2.4, use CAS operation

CAS (Compare and Swap) is an optimistic locking mechanism that performs atomic operations by comparing and exchanging, avoiding the performance overhead and thread blocking caused by using traditional mutex locks. The Atomic class and AtomicReference class in Java provide support for CAS operations.

Specifically, the multithreaded CAS operation includes the following steps:

  1. Get the value and expected value of the current shared variable.
  2. Compare whether the current value of the shared variable is equal to the expected value, and if they are equal, update the value of the shared variable to the new value to be written.
  3. If the current value of the shared variable is not equal to the expected value, it means that other threads have modified the value of the shared variable at this time, then the current thread needs to reacquire the latest value of the shared variable, and repeat step b.

In a concurrent environment, multi-threaded CAS operations can guarantee the atomic operation of shared variables, and also avoid the overhead of thread blocking and context switching caused by traditional lock mechanisms. Therefore, multi-threaded CAS operations are widely used in various high-concurrency scenarios, such as database transactions, distributed systems, and so on.

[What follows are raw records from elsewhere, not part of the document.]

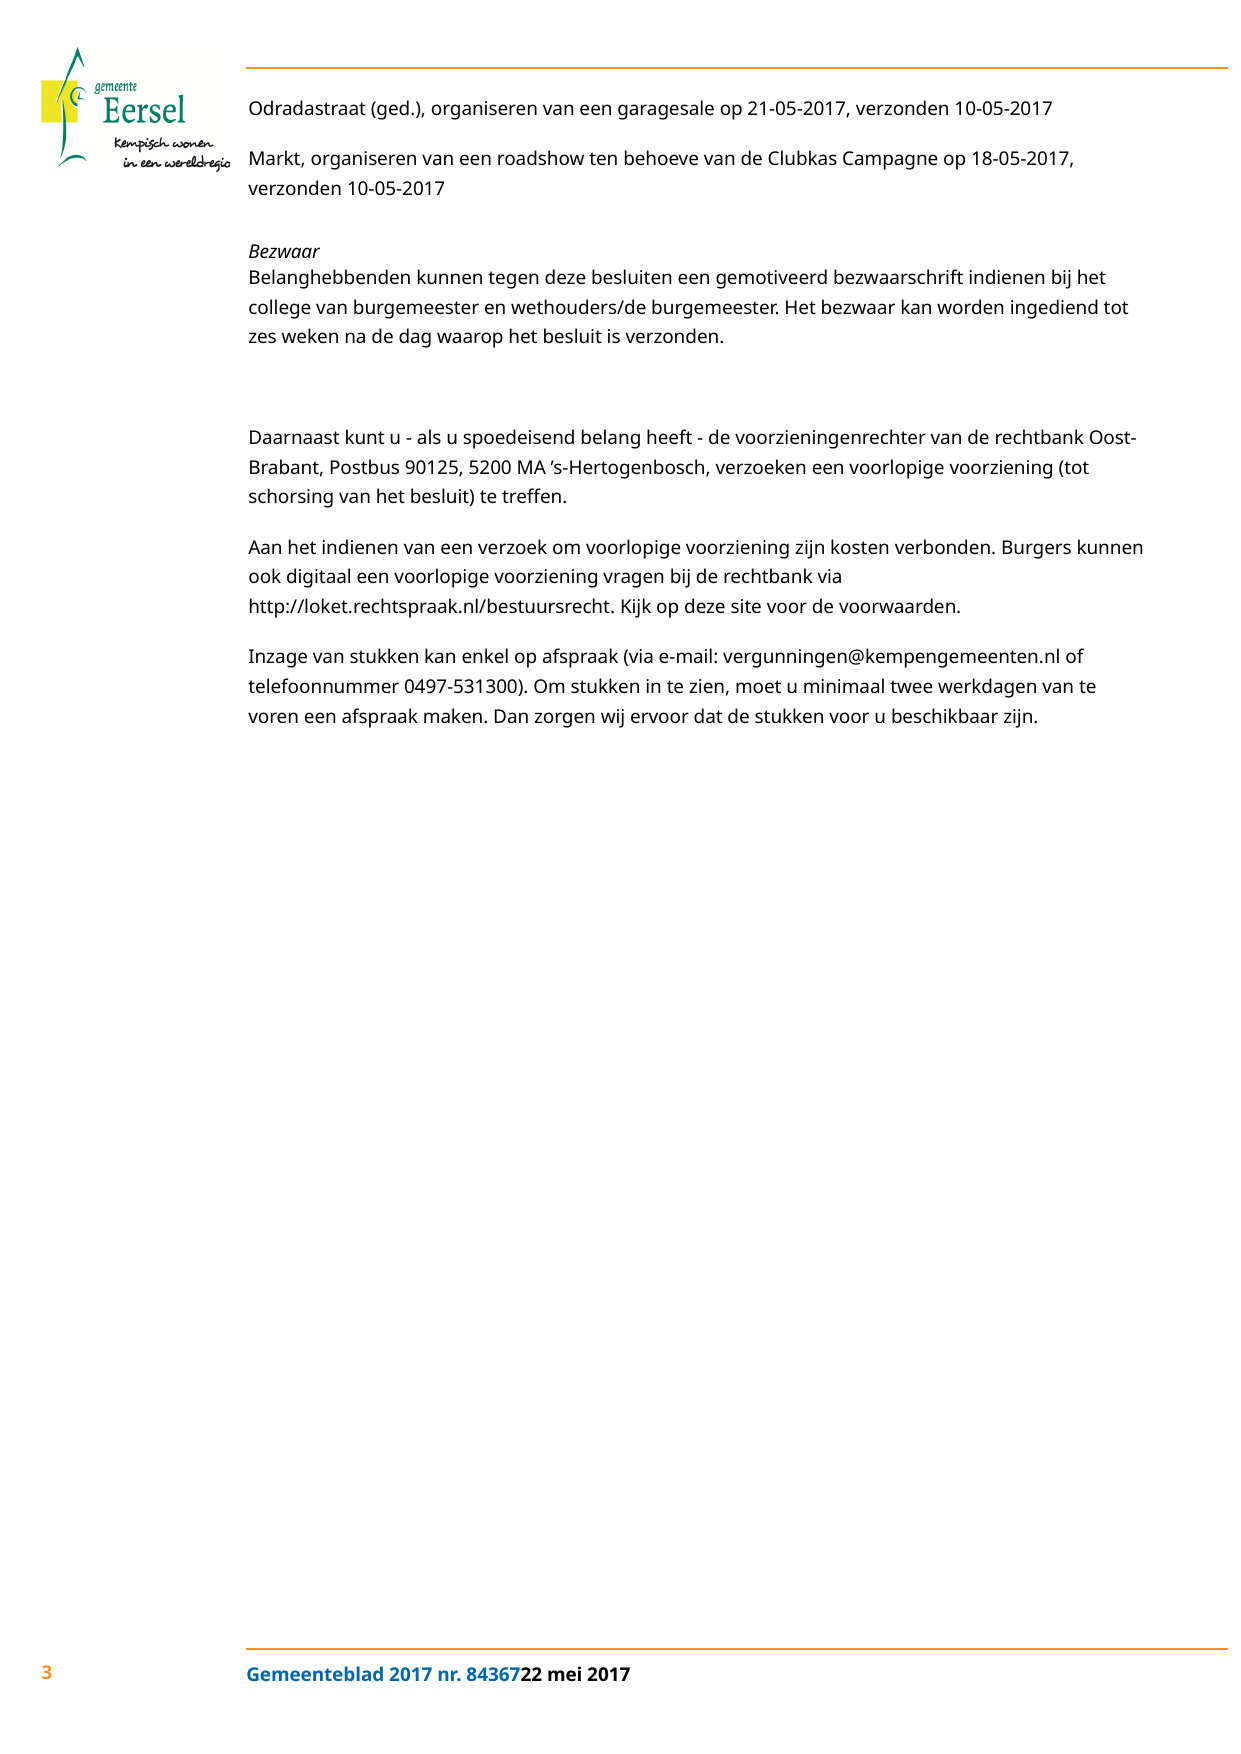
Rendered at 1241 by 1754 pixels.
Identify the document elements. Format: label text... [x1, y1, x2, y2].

text Aan het indienen van een verzoek om voorlopige voorziening zijn kosten verbonden. Burgers kunnen ook digitaal een voorlopige voorziening vragen bij de rechtbank via http://loket.rechtspraak.nl/bestuursrecht. Kijk op deze site voor de voorwaarden. [248, 534, 1152, 619]
text Daarnaast kunt u - als u spoedeisend belang heeft - de voorzieningenrechter van de rechtbank Oost-Brabant, Postbus 90125, 5200 MA ’s-Hertogenbosch, verzoeken een voorlopige voorziening (tot schorsing van het besluit) te treffen. [248, 424, 1152, 509]
text Bezwaar [248, 239, 1152, 264]
text Markt, organiseren van een roadshow ten behoeve van de Clubkas Campagne op 18-05-2017, verzonden 10-05-2017 [248, 145, 1152, 201]
text Belanghebbenden kunnen tegen deze besluiten een gemotiveerd bezwaarschrift indienen bij het college van burgemeester en wethouders/de burgemeester. Het bezwaar kan worden ingediend tot zes weken na de dag waarop het besluit is verzonden. [248, 264, 1152, 349]
text Odradastraat (ged.), organiseren van een garagesale op 21-05-2017, verzonden 10-05-2017 [248, 95, 1152, 121]
text Inzage van stukken kan enkel op afspraak (via e-mail: vergunningen@kempengemeenten.nl of telefoonnummer 0497-531300). Om stukken in te zien, moet u minimaal twee werkdagen van te voren een afspraak maken. Dan zorgen wij ervoor dat de stukken voor u beschikbaar zijn. [248, 644, 1152, 728]
picture [41, 47, 231, 172]
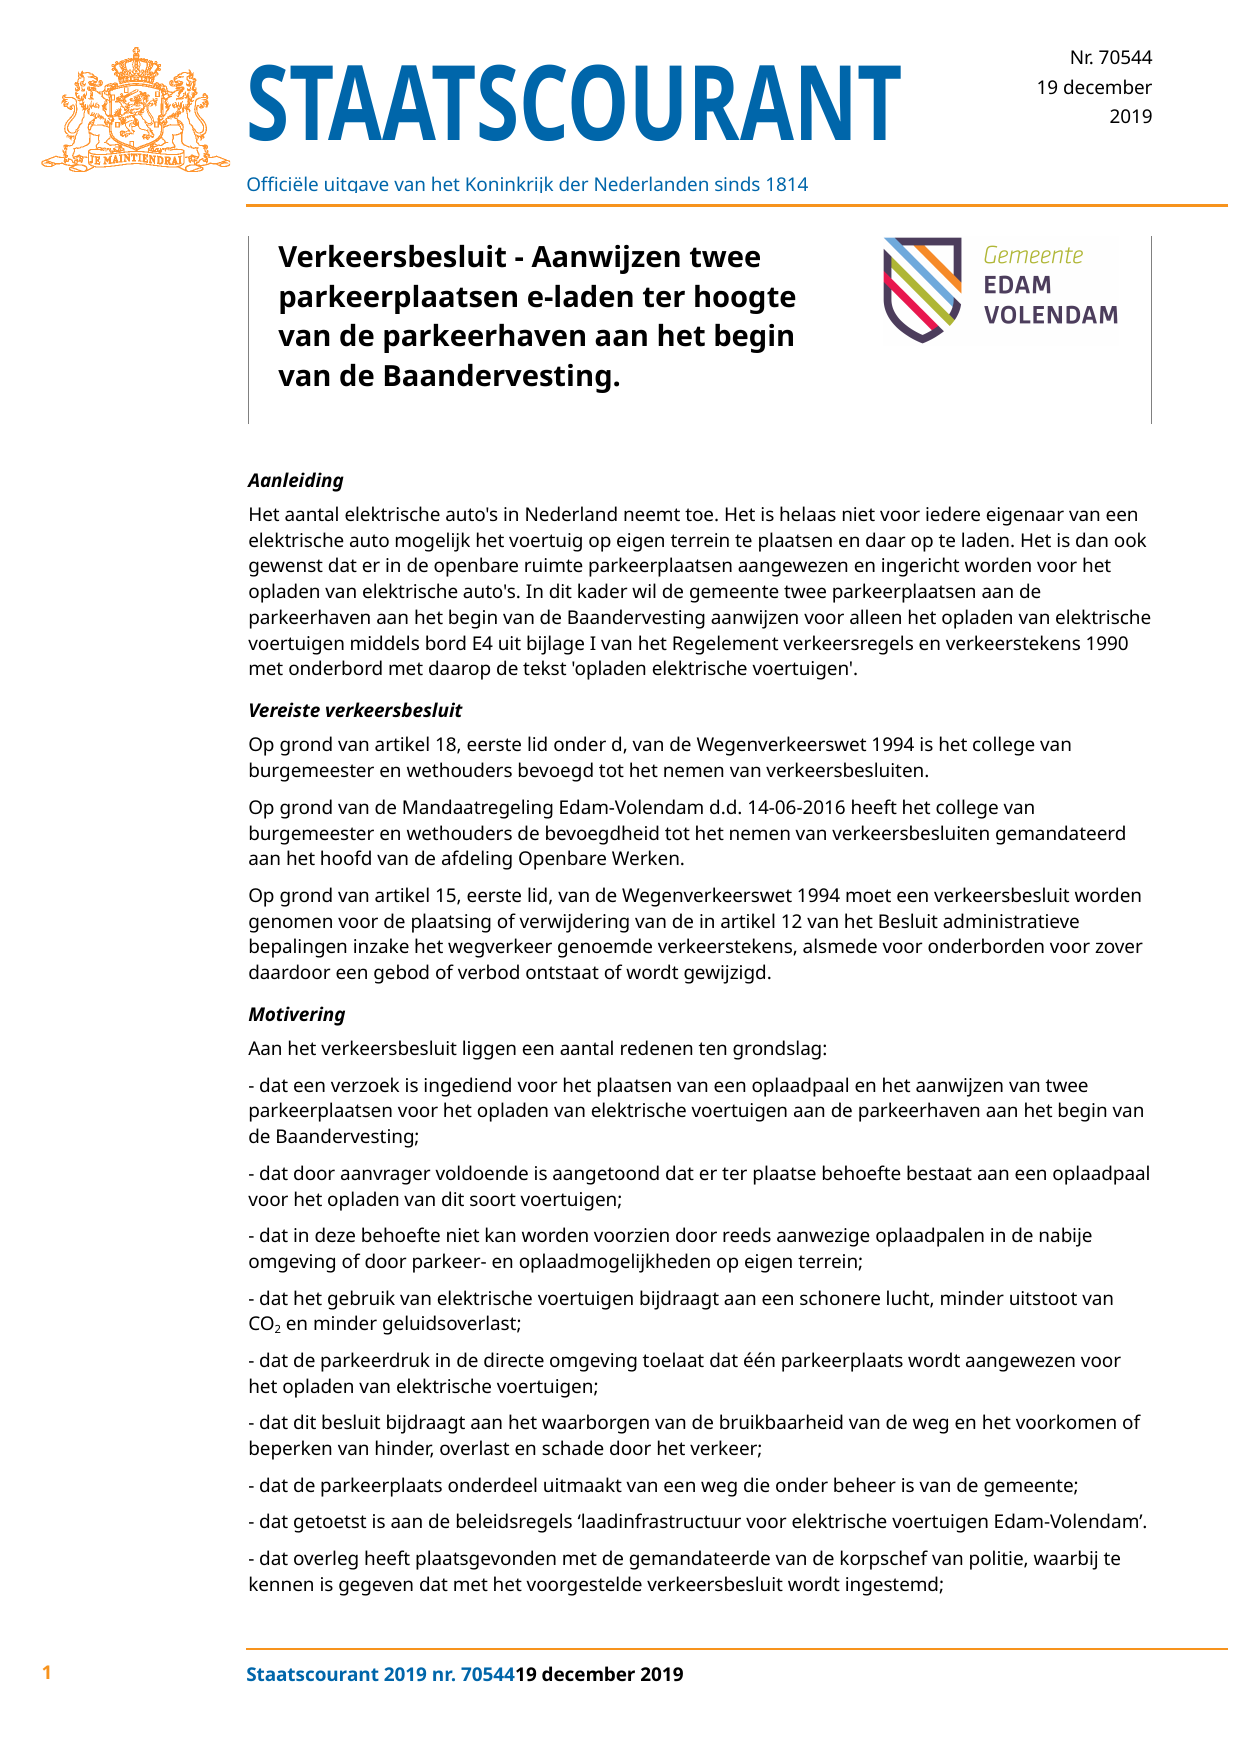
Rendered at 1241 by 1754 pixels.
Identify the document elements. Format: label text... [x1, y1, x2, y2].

text - dat de parkeerplaats onderdeel uitmaakt van een weg die onder beheer is van de gemeente; [248, 1472, 1152, 1498]
text Vereiste verkeersbesluit [248, 697, 1152, 723]
text Op grond van de Mandaatregeling Edam-Volendam d.d. 14-06-2016 heeft het college van burgemeester en wethouders de bevoegdheid tot het nemen van verkeersbesluiten gemandateerd aan het hoofd van de afdeling Openbare Werken. [248, 794, 1152, 871]
text Motivering [248, 1001, 1152, 1027]
text - dat een verzoek is ingediend voor het plaatsen van een oplaadpaal en het aanwijzen van twee parkeerplaatsen voor het opladen van elektrische voertuigen aan de parkeerhaven aan het begin van de Baandervesting; [248, 1072, 1152, 1149]
text Het aantal elektrische auto's in Nederland neemt toe. Het is helaas niet voor iedere eigenaar van een elektrische auto mogelijk het voertuig op eigen terrein te plaatsen en daar op te laden. Het is dan ook gewenst dat er in de openbare ruimte parkeerplaatsen aangewezen en ingericht worden voor het opladen van elektrische auto's. In dit kader wil de gemeente twee parkeerplaatsen aan de parkeerhaven aan het begin van de Baandervesting aanwijzen voor alleen het opladen van elektrische voertuigen middels bord E4 uit bijlage I van het Regelement verkeersregels en verkeerstekens 1990 met onderbord met daarop de tekst 'opladen elektrische voertuigen'. [248, 501, 1152, 681]
text - dat door aanvrager voldoende is aangetoond dat er ter plaatse behoefte bestaat aan een oplaadpaal voor het opladen van dit soort voertuigen; [248, 1160, 1152, 1211]
text Aan het verkeersbesluit liggen een aantal redenen ten grondslag: [248, 1035, 1152, 1061]
table_header Verkeersbesluit - Aanwijzen twee parkeerplaatsen e-laden ter hoogte van de parkeerhaven aan het begin van de Baandervesting. [249, 236, 850, 424]
text - dat in deze behoefte niet kan worden voorzien door reeds aanwezige oplaadpalen in de nabije omgeving of door parkeer- en oplaadmogelijkheden op eigen terrein; [248, 1222, 1152, 1274]
text - dat getoetst is aan de beleidsregels ‘laadinfrastructuur voor elektrische voertuigen Edam-Volendam’. [248, 1509, 1152, 1534]
text Aanleiding [248, 467, 1152, 493]
table_header [850, 236, 1151, 424]
text Op grond van artikel 15, eerste lid, van de Wegenverkeerswet 1994 moet een verkeersbesluit worden genomen voor de plaatsing of verwijdering van de in artikel 12 van het Besluit administratieve bepalingen inzake het wegverkeer genoemde verkeerstekens, alsmede voor onderborden voor zover daardoor een gebod of verbod ontstaat of wordt gewijzigd. [248, 882, 1152, 985]
text - dat het gebruik van elektrische voertuigen bijdraagt aan een schonere lucht, minder uitstoot van CO2 en minder geluidsoverlast; [248, 1285, 1152, 1336]
text - dat dit besluit bijdraagt aan het waarborgen van de bruikbaarheid van de weg en het voorkomen of beperken van hinder, overlast en schade door het verkeer; [248, 1409, 1152, 1461]
picture [882, 236, 1119, 346]
text - dat overleg heeft plaatsgevonden met de gemandateerde van de korpschef van politie, waarbij te kennen is gegeven dat met het voorgestelde verkeersbesluit wordt ingestemd; [248, 1545, 1152, 1597]
text Op grond van artikel 18, eerste lid onder d, van de Wegenverkeerswet 1994 is het college van burgemeester en wethouders bevoegd tot het nemen van verkeersbesluiten. [248, 732, 1152, 783]
text - dat de parkeerdruk in de directe omgeving toelaat dat één parkeerplaats wordt aangewezen voor het opladen van elektrische voertuigen; [248, 1347, 1152, 1399]
picture [41, 47, 231, 172]
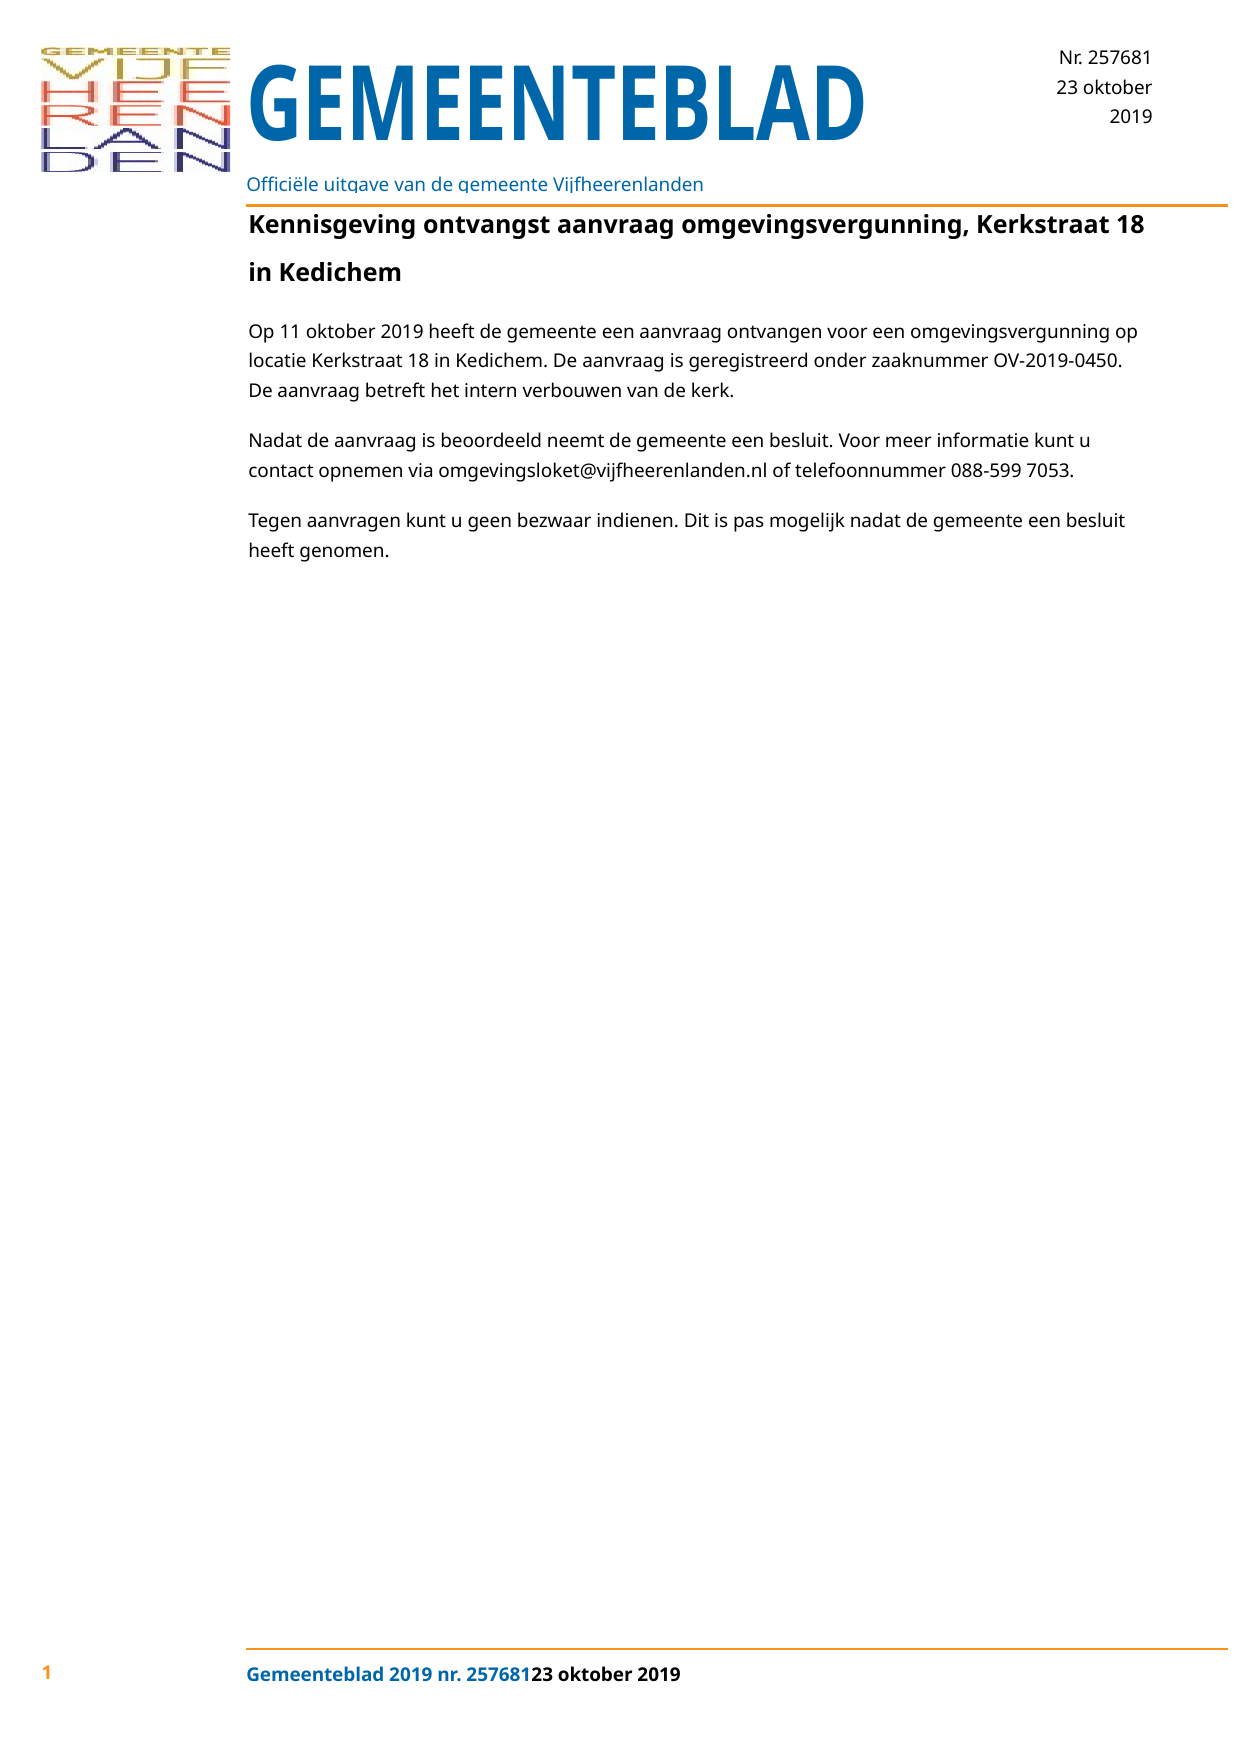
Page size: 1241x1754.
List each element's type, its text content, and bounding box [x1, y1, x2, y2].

text Nadat de aanvraag is beoordeeld neemt de gemeente een besluit. Voor meer informatie kunt u contact opnemen via omgevingsloket@vijfheerenlanden.nl of telefoonnummer 088-599 7053. [248, 427, 1152, 483]
text Op 11 oktober 2019 heeft de gemeente een aanvraag ontvangen voor een omgevingsvergunning op locatie Kerkstraat 18 in Kedichem. De aanvraag is geregistreerd onder zaaknummer OV-2019-0450. De aanvraag betreft het intern verbouwen van de kerk. [248, 318, 1152, 403]
text Tegen aanvragen kunt u geen bezwaar indienen. Dit is pas mogelijk nadat de gemeente een besluit heeft genomen. [248, 507, 1152, 563]
text Kennisgeving ontvangst aanvraag omgevingsvergunning, Kerkstraat 18 in Kedichem [248, 207, 1152, 288]
picture [41, 47, 231, 172]

2.5. Read-write separation lock

Separate read-only operations and write operations in the data structure, using read locks and write locks respectively. This can allow multiple threads to read data at the same time, and only need to lock when writing, reducing the competition between reading operations.

2.6. Use lock-free algorithm

A lock-free algorithm (Lock-Free) is a concurrent algorithm that does not use a mutex. It is usually based on CAS operations and other atomic operations, and achieves concurrent access in a non-blocking manner, avoiding performance loss caused by lock competition.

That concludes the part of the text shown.